To provide an example of how the system works: let us consider the very simple case where the triangle $\triangle{ABC}$ is right and isosceles with hypotenuse equal to $2$, and the triangle $\triangle{ABD}$ is right with $\theta=60°$. In this case, the known terms are $\alpha _2=\pi/4$, $\gamma=\pi/3$, $BM=1$, and $AD=1/\sqrt{6}$. By construction, this case corresponds to the trivial case where $x=y=z=\pi/4$ and $\beta_2=\pi/6$.
As expected, the system provides the correct $x,y,z$ solutions, as shown here. From this, we also easily get $\beta_2=\pi/4+\pi/4-\pi/3$ $=\pi/6$.
A: Changing-up notation slightly, I'll use $\alpha$, $\beta$, $\delta$ for OP's $\alpha_2$, $\beta_2$, $\theta$. Also, let $N$ and $P$ be the feet of the perpendiculars from $A$ to $\overline{BD}$ and $M$ to $\overline{AC}$, and let $\square DPQR$ be a rectangle, with $B$ on $\overline{QR}$. Finally, define
$$a := |BM|=|MC| \qquad d := |AD| \qquad p := |MP|=|QM|$$
I'll also rotate the figure to make $\overline{DC}$ horizontal:

For the configuration shown, straightforward right-triangle trigonometry gives the (signed) lengths of various segments. Equating opposite sides of $\square DPQR$, and invoking the Pythagorean Theorem in $\triangle CMP$, gives these three equations:
$$\begin{align}
2p &= d(\cot\beta+\cot\delta) \sin^2\delta \quad\left(= d\frac{\cot\beta+\cot\delta}{1+\cot^2\delta}\right) \tag1 \\
d+p \cot\alpha &= 2p\cot\delta+p\cot\gamma \tag2 \\[0.5em]

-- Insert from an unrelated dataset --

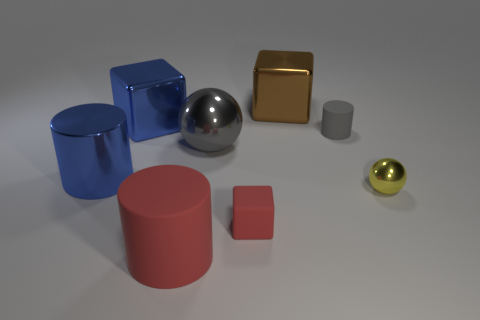Add 1 tiny metal spheres. How many objects exist? 9 Subtract all gray cylinders. How many cylinders are left? 2 Subtract all big cylinders. How many cylinders are left? 1 Subtract all purple blocks. Subtract all brown cylinders. How many blocks are left? 3 Subtract all yellow cylinders. How many gray spheres are left? 1 Subtract all big green matte cubes. Subtract all big blue metallic cubes. How many objects are left? 7 Add 4 metallic cylinders. How many metallic cylinders are left? 5 Add 5 gray matte cubes. How many gray matte cubes exist? 5 Subtract 0 cyan cylinders. How many objects are left? 8 Subtract all balls. How many objects are left? 6

a^2 &= p^2 + p^2 \cot^2\gamma \tag3
\end{align}$$
Equations $(1)$ and $(2)$ give expressions involving our target angles. Defining
$$u := \cot\alpha \qquad v := \cot\delta \qquad \lambda := u-2v$$
we have
$$
\cot\beta = \frac{2p(1+v^2)-dv}{d} \qquad\qquad
\cot\gamma = \frac{d+p\lambda}{p}\tag4$$
Substituting $\cot\gamma$ into $(3)$ gives a quadratic in $p$ that we solve as
$$p = \frac{-d\lambda\pm\sqrt{a^2(1+\lambda^2)-d^2}}{1+\lambda^2} \tag5$$
discarding non-positive root(s). Substituting from $(5)$ back into $(4)$ determines $\beta$ and $\gamma$. $\square$
(Considering whether there can be two positive roots $p$ —hence, two overall solutions— is left as an exercise to the reader.)

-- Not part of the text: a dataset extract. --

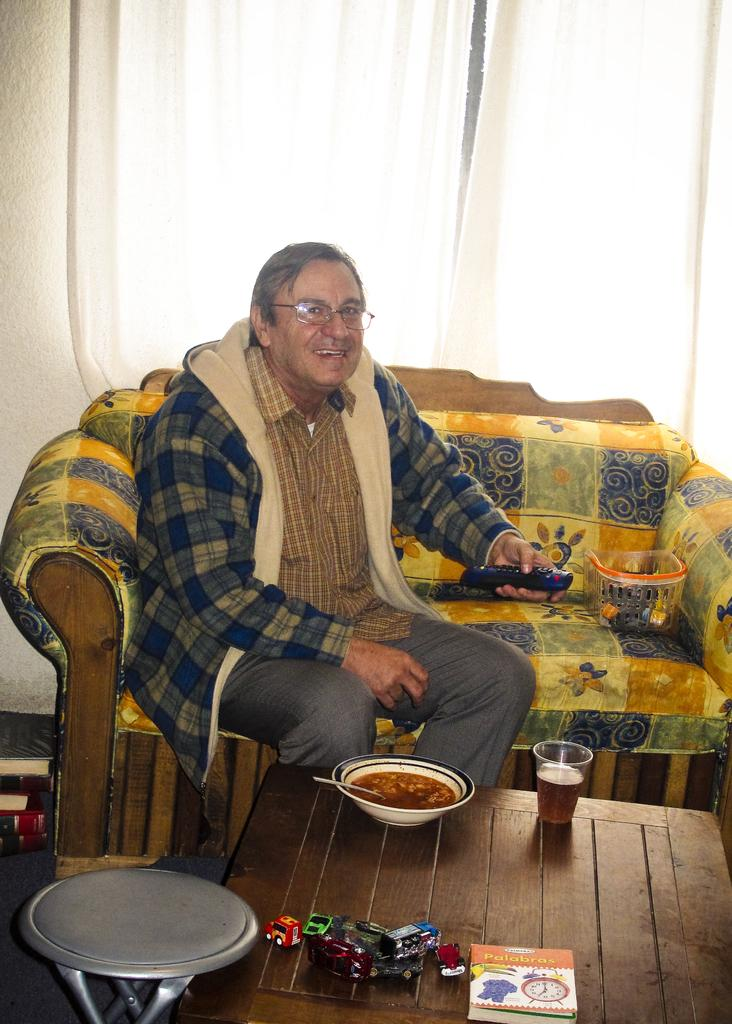What is the man doing in the image? The man is sitting on a sofa in the image. What is in front of the man? There is a table in front of the man. What items can be seen on the table? There is a book, a bowl, and a glass on the table. What type of machine is being used for lunch in the image? There is no machine or lunch present in the image; it only shows a man sitting on a sofa with a table in front of him containing a book, a bowl, and a glass.

As something of a sanity check ... Consider the isosceles right triangle example in @Anatoly's answer.

We have
$$\alpha=45^\circ \qquad \delta=60^\circ \qquad a = 1 \qquad |AB|=\sqrt{2} \qquad d = \frac{\sqrt{6}}{3} $$
so that
$$u = 1 \qquad v = \frac{\sqrt{3}}3 \qquad \lambda = \frac13(3-2\sqrt{3}) \qquad\to\qquad p =\frac{\sqrt{2}}{2}$$
(Note: Reducing $(5)$ to $\sqrt{2}/2$ is a non-trivial exercise!) Then,
$$\cot\beta = \sqrt{3} \qquad \cot\gamma = 1 \qquad\to\qquad \beta=30^\circ \qquad \gamma=45^\circ$$
as expected. $\square$